INTERPRETAÇÃO CONFORME
para exigir a comprovação de inexistência de alternativa técnica e locacional para todos os casos de intervenção em APP por utilidade pública (art. 3º, VIII) e interesse social (art. 3º, IX).

"Art. 3º. Para os efeitos desta Lei, entende-se por: 
(...)

XVII
- nascente: afloramento natural do lençol freático que apresenta perenidade e dá início a um curso d’água;"

INTERPRETAÇÃO CONFORME
para reconhecer que os entornos das nascentes e dos olhos d’água intermitentes configuram APP.

"Art. 3º. Para os efeitos desta Lei, entende-se por:
(...)

Parágrafo único.
Para os fins desta Lei, estende-se o tratamento dispensado aos imóveis a que se refere o inciso V deste artigo às propriedades e posses rurais com até 4 (quatro) módulos fiscais que desenvolvam atividades agrossilvipastoris, bem como às terras indígenas demarcadas e às demais áreas tituladas de povos e comunidades tradicionais que façam uso coletivo do seu território. "

INCONSTITUCIONALIDADE
das expressões “demarcadas” e “tituladas”.

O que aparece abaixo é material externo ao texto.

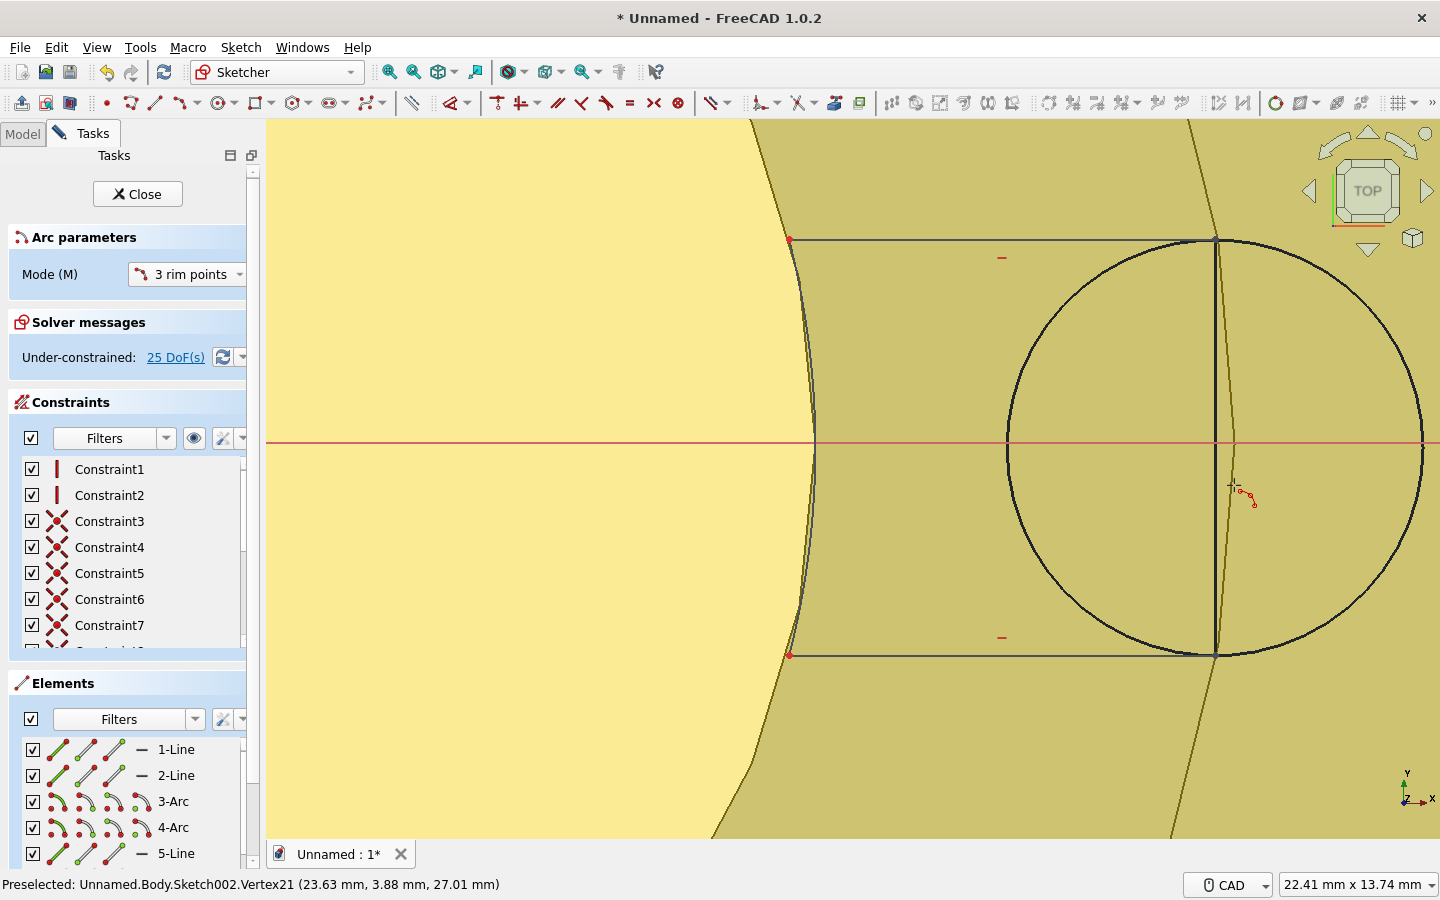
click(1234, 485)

"Art. 4º. Considera-se Área de Preservação Permanente, em zonas rurais ou urbanas, para os efeitos desta Lei:
(...)
IV - as áreas no entorno das nascentes e dos olhos d’água perenes, qualquer que seja sua situação topográfica, no raio mínimo de 50 (cinquenta) metros;."

INTERPRETAÇÃO CONFORME
para reconhecer que os entornos das nascentes e dos olhos d’água intermitentes configuram APP.

"Art. 48, A CRA pode ser transferida, onerosa ou gratuitamente, a pessoa física ou a pessoa jurídica de direito público ou privado, mediante termo assinado pelo titular da CRA e pelo adquirente.
(...)
§ 2º A CRA só pode ser utilizada para compensar Reserva Legal de imóvel rural situado no mesmo bioma da área à qual o título está vinculado."

INTERPRETAÇÃO CONFORME
para permitir compensação apenas entre áreas com identidade ecológica.

"Art. 59. A União, os Estados e o Distrito Federal deverão, no prazo de 1 (um)
ano, contado a partir da data da publicação desta Lei, prorrogável por uma única vez, por igual período, por ato do Chefe do Poder Executivo, implantar Programas de Regularização Ambiental - PRAs de posses e propriedades rurais, com o objetivo de adequá-las aos termos deste Capítulo.
(...)
§ 4º No período entre a publicação desta Lei e a implantação do PRA em cada Estado e no Distrito Federal, bem como após a adesão do interessado ao PRA e enquanto estiver sendo cumprido o termo de compromisso, o proprietário ou possuidor não poderá ser autuado por infrações cometidas antes de 22 de julho de 2008, relativas à supressão irregular de vegetação em Áreas de Preservação Permanente, de Reserva Legal e de uso restrito.
§ 5º A partir da assinatura do termo de compromisso, serão suspensas as sanções decorrentes das infrações mencionadas no § 4o deste artigo e, cumpridas as obrigações estabelecidas no PRA ou no termo de compromisso para a regularização ambiental das exigências desta Lei, nos prazos e condições neles estabelecidos, as multas referidas neste artigo serão consideradas como convertidas em serviços de preservação, melhoria e recuperação da qualidade do meio ambiente, regularizando o uso de áreas rurais consolidadas conforme definido no PRA."

INTERPRETAÇÃO CONFORME

de modo a afastar, no decurso da execução dos termos de compromissos subscritos nos programas de regularização ambiental, o risco de decadência ou prescrição, seja dos ilícitos ambientais praticados antes de 22.7.2008, seja das sanções deles decorrentes, aplicando-se extensivamente o disposto no § 1º do art. 60 da Lei 12.651/2012, segundo o qual “a prescrição ficará interrompida durante o período de suspensão da pretensão punitiva”.